Тетя Катя оказалась скорее бабой Катей и принимала на дому. Я робко мялся, не зная с чего начать. За круглым, со скатертью, столом сидела в шерстяной кофте-обдергайке старушка – божий одуванчик. Из окна за ее спиной сквозь тюли сияло солнце, и подсвечивало сбитый седой пучок волос на макушке тети Кати, будто нимб.
– Ну, вы тут ёж-мнешь, – сказал Виктор. –А я сбегаю, печенья к чаю принесу.
– Ну и чего мы такие стеснительные? – Неожиданно звонким и бодрым голосом сказала тетя Катя. – Как свое добро пихать куда попало они первые, а как на предъявлять к осмотру, они мнутся…
«Они» молчал.
– Глуп детина, а пихает вглубь, скотина, – скабрезничала тетя Катя. – В ванной вата и раствор, – потрудитесь смазать болтяжечку с оттяжечкой, а я пока халат надену.

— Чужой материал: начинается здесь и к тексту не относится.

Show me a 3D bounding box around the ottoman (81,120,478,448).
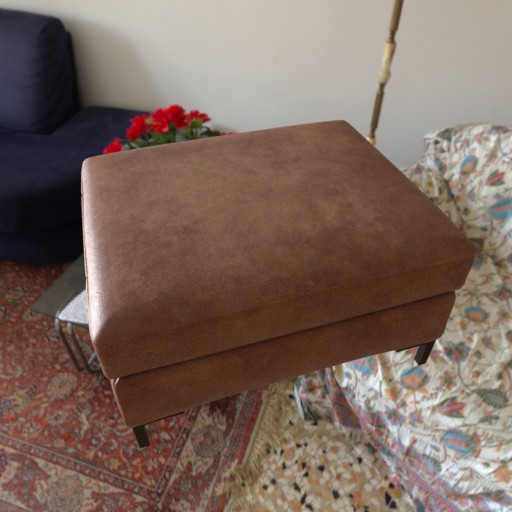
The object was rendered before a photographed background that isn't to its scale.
[{"bbox_3d":[0.000,0.000,1.753,1.186,0.667,0.965,-12,44,-13],"label":"ottoman"}]
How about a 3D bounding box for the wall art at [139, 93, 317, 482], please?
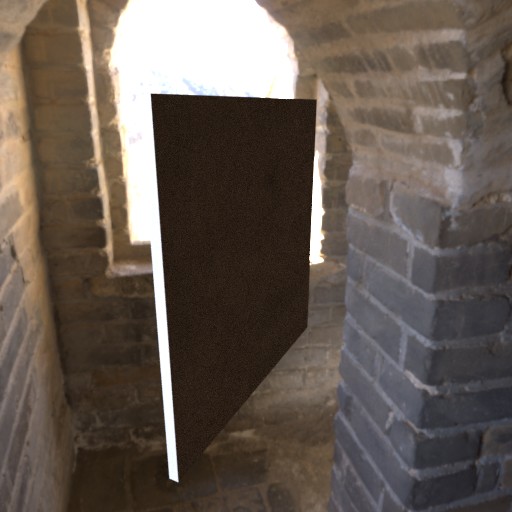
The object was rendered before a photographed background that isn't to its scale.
[{"bbox_3d":[0.000,0.000,0.980,0.020,0.661,0.664,9,21,25],"label":"wall art"}]
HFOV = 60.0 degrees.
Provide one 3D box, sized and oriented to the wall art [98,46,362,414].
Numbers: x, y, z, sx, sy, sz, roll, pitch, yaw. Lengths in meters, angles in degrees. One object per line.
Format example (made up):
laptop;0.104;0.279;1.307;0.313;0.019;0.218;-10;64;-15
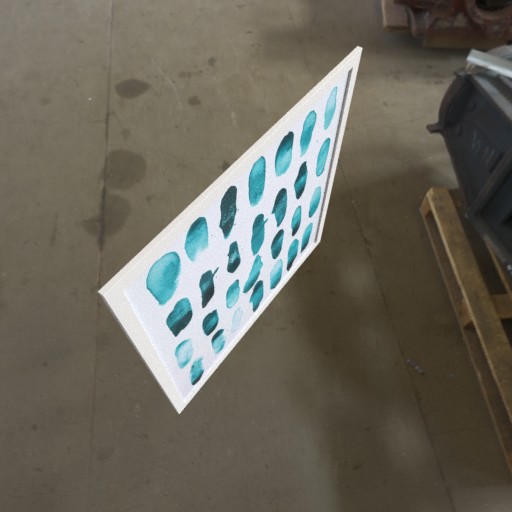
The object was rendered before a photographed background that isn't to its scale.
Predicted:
wall art;0.000;0.000;0.833;0.009;0.559;0.558;33;63;19
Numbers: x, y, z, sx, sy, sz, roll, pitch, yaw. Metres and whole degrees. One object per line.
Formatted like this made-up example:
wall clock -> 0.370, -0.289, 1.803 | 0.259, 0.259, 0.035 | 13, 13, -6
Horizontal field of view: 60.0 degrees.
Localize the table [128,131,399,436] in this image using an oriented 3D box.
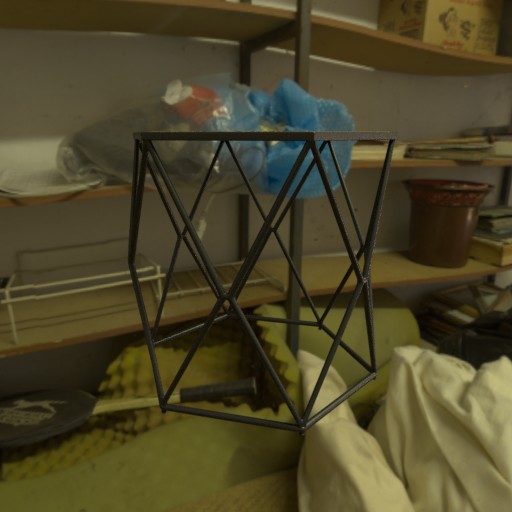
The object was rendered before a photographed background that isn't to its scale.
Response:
table -> 0.000, 0.000, 1.044 | 0.579, 0.564, 0.578 | 14, 21, 41
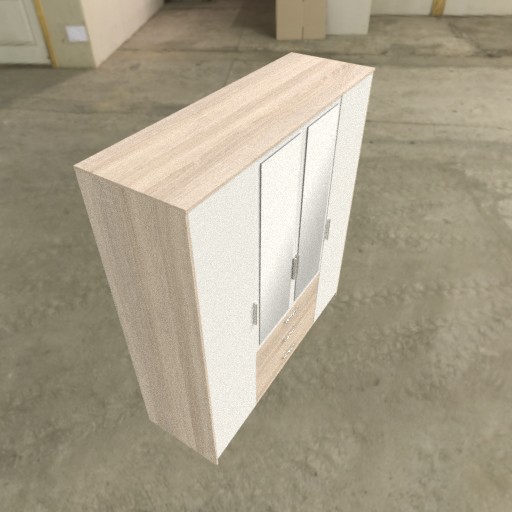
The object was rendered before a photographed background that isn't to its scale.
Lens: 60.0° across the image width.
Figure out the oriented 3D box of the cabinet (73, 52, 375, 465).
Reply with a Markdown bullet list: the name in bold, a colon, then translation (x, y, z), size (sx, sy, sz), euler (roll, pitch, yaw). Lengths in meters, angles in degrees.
- **cabinet**: translation (0.000, 0.000, 2.998), size (0.620, 2.060, 1.870), euler (23, 46, 24)
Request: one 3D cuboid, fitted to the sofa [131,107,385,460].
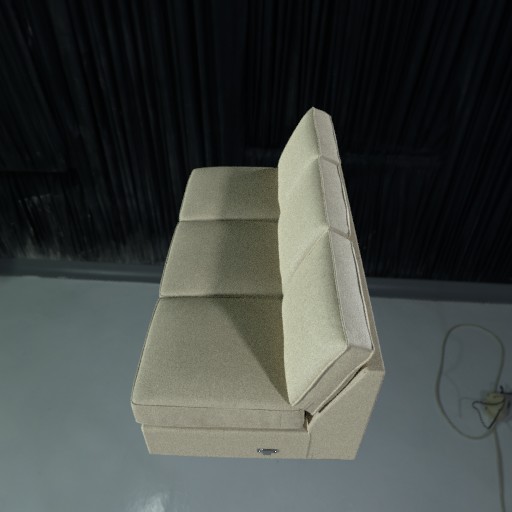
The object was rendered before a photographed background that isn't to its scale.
[{"bbox_3d":[0.000,0.000,2.552,1.027,0.973,1.962,1,41,1],"label":"sofa"}]
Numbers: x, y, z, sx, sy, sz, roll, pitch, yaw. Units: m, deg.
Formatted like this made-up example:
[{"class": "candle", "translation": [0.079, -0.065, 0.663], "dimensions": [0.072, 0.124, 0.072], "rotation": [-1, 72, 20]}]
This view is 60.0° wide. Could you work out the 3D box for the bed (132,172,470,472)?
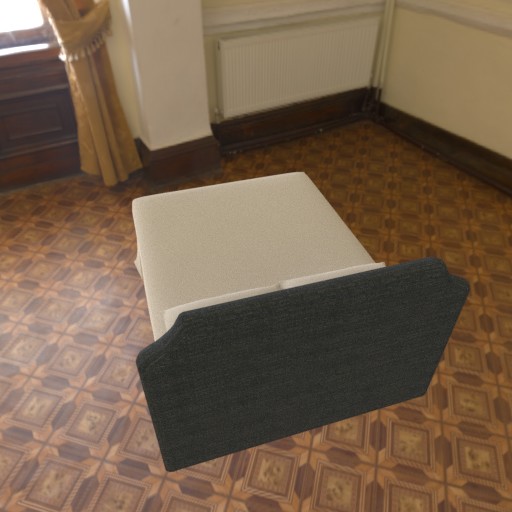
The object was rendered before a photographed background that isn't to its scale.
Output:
[{"class": "bed", "translation": [0.000, 0.000, 3.294], "dimensions": [1.828, 1.297, 2.208], "rotation": [-11, 42, -13]}]
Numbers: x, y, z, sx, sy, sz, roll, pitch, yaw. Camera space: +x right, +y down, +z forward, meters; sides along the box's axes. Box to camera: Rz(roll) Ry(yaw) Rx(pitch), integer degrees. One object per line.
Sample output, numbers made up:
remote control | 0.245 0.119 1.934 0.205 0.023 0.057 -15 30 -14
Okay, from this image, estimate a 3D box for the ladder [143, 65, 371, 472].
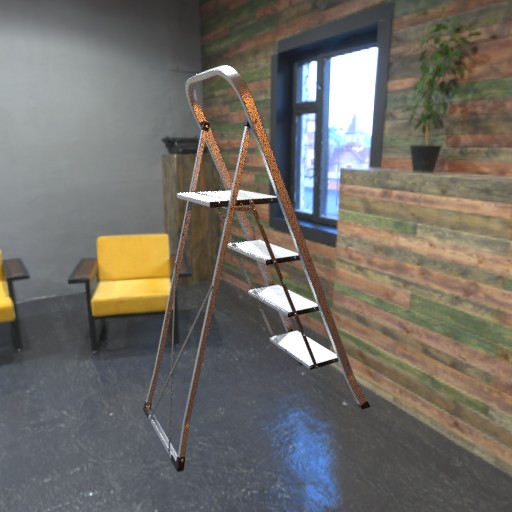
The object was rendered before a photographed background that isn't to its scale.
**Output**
ladder | 0.000 0.000 1.682 0.830 1.290 0.465 -8 16 -29
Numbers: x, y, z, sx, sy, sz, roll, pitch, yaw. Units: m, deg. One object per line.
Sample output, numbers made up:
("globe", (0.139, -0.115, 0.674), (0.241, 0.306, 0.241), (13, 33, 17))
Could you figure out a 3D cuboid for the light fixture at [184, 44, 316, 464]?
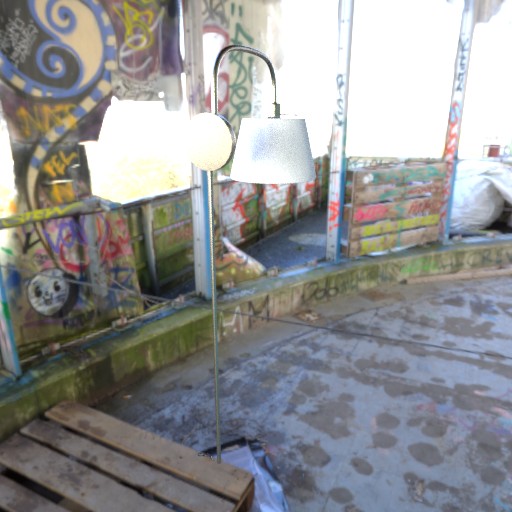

– Neisseria gonorhoea, – как раз в тот момент, когда Виктор вернулся, поставила диагноз тетя Катя. – Виктор, у твоего друга плохой насморк, и если он мне не расскажет, какая из местных шалав его наградила, передай, что хер ему по всей морде, а не лечение.
Жаргон тети Кати подходил к ее облику, как весло к мопеду, но, странное дело, очень ей шел.
– Зачем я буду объяснять, – пожал плечами Виктор. – Он же и так слышит?
– Виктор, тебе культурно объяснить, или вкратце? Я умею!
Уже чашки стояли на столе, уже вскипел чайник, уже выставлены были на стол сушки и пряники, а тетя Катя и Виктор, все перебрасывались малознакомыми, но понятными словами. Не помню, кто из классиков назвал подобные прения на подобном жаргоне «блатной музыкой». Им обоим это явно доставляло удовольствие.
– Я прошу прощения, – наконец вмешался я. – Екатерина…
– Иосифовна.
– Екатерина Иосифовна, позвольте я расскажу?
– Да уж будьте любезны…
– Болезнь я подцепил в Прёте.
– Молодой, человек, скажи – «гвоздика».
– А в чем собственно… ну, гвоздика.
– Не пизди-ка!
– Кхм, тетя Катя, – вмешался Виктор. – Он, это, в натуре не местный.
– Не местный?!
Екатерина Иосифовна сняла очки и пристально поглядела на меня. Затем надела и вгляделась еще внимательней. У меня аж закололо под ребрами.
– Столичная птица редкий гость в нашей глухомани. Интересно. Действительно, лицо незнакомое. Ну что ж, о причинах вашего появления здесь не спрашиваю, наверняка приехали осмотреть местные просторы. Тем более, что Виктор у нас известный гид-экскурсовод. В конце концов, какое мне дело? Кто кого сгрёб, тот того и уёб… Но учтите, если ко мне заявится, через недельку, какая-нибудь особа, и укажет на вас… Меры приму незамедлительно.
Тетя Катя глядела на меня прищурившись, и я выдержал этот сверлящий взгляд. Не знай я что она медик, решил бы, что матерый опер.
– Значит, так, – улыбнулась наконец тетя Катя, – сейчас я поставлю вам больной укол в жопу. И еще один завтра. Туда же. С нынешней медициной этого будет достаточно. Придете один, надеюсь, местность уже изучили, не заблудитесь.
Я кивнул.
– К чаю возмите что угодно, но не эти сухари лагерные, – тетя Катя покосилась на Виктора, затем сушки. Меня от них пучит. Оплатить нужно будет только уколы. А в счет моих услуг расскажете что-нибудь интересное, какие-нибудь столичные сплетни.
Она весело подмигнула и вскоре мы раскланялись.
Ух, пронесло, – думал я, выйдя на улицу, закуривая и протягивая зажигалку Виктору.
– Не-не, – отмахнулся он и достал коробок. – Лучше прикурить от спички, чем от грёбаной затычки. А ловко тетя Катя тебя вычислила, пихать тебя в сад?!
– В смысле? Что значит вычислила? – Не понял я.
– Ну, что в Штырин ты заехал по делу мутному.
– С чего ты взял? С чего она взяла? По какому еще мутному.
– А кто ж тебя знает, – беззаботно ответил Виктор. – Только вот и тетя Катя чухнула, что неспроста ты здесь. Что ты – «гусь, я ебанусь».